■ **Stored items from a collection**
====

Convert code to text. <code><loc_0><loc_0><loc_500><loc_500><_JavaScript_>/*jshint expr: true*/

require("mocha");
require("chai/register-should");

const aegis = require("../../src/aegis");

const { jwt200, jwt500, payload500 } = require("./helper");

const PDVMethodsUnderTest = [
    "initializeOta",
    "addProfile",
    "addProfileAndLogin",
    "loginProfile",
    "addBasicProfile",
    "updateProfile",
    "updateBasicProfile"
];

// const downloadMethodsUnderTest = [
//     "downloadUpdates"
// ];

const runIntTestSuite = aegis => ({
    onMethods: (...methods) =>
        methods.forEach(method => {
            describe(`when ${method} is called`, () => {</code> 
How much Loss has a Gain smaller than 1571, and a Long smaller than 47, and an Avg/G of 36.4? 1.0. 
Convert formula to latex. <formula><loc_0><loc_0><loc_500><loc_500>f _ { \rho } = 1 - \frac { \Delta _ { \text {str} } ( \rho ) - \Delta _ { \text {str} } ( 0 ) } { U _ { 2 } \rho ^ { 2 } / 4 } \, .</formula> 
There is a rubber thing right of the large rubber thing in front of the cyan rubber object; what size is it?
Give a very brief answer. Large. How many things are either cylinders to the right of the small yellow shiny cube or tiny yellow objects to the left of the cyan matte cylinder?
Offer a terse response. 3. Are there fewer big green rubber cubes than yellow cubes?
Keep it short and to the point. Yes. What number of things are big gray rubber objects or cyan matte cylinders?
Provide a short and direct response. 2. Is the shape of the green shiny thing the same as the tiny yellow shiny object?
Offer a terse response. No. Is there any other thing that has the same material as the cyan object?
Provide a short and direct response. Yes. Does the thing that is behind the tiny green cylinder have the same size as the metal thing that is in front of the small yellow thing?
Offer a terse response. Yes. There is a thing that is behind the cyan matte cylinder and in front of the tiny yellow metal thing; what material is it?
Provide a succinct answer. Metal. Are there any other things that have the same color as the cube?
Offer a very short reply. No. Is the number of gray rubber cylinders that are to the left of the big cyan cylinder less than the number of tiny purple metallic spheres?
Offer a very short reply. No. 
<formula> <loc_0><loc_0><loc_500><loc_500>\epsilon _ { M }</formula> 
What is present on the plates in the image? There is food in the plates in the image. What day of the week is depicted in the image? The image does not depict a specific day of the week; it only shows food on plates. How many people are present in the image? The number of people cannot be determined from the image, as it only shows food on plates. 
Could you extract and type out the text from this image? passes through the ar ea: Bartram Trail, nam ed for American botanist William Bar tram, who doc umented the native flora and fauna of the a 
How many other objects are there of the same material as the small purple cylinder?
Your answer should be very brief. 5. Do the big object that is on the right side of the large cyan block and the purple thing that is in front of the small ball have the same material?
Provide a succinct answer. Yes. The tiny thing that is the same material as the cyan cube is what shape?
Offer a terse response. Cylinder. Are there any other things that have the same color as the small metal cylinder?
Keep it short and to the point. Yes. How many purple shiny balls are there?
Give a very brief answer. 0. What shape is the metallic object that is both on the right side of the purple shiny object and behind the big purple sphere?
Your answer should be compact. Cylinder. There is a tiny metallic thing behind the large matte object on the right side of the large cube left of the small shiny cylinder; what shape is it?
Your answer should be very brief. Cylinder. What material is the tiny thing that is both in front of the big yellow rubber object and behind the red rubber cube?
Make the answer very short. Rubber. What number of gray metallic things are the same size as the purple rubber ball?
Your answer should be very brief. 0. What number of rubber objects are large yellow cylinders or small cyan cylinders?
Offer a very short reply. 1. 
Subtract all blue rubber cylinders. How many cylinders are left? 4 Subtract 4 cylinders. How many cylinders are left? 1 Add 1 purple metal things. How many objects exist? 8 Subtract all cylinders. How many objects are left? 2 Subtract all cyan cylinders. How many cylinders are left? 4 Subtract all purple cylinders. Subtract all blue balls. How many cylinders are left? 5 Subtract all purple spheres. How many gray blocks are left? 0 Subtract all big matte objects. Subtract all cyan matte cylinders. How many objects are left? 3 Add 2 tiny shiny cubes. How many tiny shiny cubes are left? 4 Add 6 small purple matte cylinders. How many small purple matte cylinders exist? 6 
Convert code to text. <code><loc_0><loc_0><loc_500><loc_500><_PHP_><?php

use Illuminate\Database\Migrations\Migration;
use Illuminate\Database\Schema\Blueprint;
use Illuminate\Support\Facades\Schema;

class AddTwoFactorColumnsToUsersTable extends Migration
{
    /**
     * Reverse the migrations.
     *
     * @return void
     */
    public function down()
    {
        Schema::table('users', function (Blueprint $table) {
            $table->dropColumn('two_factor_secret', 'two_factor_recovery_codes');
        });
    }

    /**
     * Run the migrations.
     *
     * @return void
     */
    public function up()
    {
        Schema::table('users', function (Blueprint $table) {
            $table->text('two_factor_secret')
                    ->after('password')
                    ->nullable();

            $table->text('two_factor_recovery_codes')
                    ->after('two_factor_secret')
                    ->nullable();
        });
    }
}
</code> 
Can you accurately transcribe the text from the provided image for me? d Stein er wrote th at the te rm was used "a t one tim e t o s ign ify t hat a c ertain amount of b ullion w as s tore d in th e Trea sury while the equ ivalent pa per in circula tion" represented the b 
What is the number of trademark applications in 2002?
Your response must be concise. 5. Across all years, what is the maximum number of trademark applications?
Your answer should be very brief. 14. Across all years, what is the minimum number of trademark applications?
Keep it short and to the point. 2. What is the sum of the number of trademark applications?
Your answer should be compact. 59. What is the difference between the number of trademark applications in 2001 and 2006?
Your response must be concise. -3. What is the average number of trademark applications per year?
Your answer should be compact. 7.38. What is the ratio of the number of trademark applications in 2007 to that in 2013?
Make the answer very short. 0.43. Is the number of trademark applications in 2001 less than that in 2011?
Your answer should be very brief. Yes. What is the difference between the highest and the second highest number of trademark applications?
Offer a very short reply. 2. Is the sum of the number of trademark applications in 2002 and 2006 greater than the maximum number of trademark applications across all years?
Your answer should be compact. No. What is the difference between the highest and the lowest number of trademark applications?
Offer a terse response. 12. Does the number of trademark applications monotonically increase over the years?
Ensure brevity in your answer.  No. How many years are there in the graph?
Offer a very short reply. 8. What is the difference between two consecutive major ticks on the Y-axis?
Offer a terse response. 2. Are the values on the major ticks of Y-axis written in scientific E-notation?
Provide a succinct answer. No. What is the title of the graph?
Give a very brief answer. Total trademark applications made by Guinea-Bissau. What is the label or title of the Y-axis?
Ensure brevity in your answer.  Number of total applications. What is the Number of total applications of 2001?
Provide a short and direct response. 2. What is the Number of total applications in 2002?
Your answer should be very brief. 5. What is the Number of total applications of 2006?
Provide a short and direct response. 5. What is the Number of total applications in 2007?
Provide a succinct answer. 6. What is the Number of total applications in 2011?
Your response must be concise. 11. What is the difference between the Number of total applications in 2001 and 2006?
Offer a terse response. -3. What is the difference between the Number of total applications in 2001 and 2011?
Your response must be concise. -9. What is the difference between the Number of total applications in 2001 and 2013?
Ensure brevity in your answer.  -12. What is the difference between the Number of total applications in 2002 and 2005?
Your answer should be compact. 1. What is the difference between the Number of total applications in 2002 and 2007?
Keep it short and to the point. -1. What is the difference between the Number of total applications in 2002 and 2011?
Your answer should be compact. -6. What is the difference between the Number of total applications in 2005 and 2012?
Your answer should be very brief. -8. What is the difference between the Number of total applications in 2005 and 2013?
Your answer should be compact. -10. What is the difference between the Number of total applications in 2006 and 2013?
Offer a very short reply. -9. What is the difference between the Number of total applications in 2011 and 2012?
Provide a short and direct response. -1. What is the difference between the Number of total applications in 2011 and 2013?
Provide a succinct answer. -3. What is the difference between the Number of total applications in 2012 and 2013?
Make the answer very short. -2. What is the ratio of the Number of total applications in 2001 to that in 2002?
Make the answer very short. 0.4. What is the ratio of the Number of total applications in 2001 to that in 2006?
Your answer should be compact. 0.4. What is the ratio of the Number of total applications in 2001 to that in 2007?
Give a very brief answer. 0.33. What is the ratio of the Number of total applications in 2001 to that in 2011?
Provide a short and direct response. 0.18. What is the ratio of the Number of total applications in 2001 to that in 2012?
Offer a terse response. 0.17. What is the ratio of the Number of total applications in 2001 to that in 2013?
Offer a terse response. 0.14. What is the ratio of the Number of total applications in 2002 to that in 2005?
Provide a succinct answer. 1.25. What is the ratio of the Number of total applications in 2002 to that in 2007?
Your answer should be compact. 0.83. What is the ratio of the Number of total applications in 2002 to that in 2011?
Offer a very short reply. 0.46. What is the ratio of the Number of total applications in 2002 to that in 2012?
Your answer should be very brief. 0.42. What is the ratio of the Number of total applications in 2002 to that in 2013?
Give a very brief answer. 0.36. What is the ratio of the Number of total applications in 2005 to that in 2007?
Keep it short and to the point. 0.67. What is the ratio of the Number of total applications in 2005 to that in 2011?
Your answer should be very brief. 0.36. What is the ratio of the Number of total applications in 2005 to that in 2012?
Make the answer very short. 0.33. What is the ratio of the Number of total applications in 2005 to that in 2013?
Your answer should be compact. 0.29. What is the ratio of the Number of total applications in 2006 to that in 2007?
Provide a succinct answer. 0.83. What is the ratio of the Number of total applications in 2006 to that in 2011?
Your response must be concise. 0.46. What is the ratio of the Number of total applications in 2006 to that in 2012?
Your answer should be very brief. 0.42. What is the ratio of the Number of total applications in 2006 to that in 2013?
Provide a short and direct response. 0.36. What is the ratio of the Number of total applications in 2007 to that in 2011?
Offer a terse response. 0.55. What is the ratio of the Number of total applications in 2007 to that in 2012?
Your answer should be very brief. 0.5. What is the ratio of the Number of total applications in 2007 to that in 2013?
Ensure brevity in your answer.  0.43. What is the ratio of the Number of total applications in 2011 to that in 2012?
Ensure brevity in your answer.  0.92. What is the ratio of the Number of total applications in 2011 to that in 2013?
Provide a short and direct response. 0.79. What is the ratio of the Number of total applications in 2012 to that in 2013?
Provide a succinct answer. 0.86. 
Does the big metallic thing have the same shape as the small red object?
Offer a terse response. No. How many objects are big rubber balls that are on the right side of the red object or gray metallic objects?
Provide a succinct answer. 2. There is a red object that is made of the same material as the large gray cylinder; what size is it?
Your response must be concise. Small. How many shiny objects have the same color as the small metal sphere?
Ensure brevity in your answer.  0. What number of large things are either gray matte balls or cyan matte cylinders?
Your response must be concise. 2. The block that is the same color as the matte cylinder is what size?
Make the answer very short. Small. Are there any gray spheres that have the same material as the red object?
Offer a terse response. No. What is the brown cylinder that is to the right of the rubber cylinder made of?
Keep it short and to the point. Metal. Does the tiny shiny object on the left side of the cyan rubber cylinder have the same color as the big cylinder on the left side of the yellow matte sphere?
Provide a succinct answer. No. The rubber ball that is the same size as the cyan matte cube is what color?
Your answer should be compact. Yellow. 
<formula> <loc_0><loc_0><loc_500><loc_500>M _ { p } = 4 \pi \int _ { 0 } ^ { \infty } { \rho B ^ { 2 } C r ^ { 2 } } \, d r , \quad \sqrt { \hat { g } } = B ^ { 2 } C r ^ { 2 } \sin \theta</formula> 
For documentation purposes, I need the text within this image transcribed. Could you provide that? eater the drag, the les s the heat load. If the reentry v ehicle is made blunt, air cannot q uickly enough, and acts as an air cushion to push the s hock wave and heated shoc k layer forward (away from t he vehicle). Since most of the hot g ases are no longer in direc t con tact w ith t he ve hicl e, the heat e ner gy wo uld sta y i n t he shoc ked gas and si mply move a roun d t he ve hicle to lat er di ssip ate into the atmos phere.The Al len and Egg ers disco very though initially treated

====

■ **EXERCISE AIM**
Of the entries above, transcribe exactly those lines that fall between the line containing "Offer a very short reply. 2." and the line containing "Offer a terse response. 12.", together with those two lines.

■ **TASK ANSWER**
Offer a very short reply. 2. Is the sum of the number of trademark applications in 2002 and 2006 greater than the maximum number of trademark applications across all years?
Your answer should be compact. No. What is the difference between the highest and the lowest number of trademark applications?
Offer a terse response. 12. Does the number of trademark applications monotonically increase over the years?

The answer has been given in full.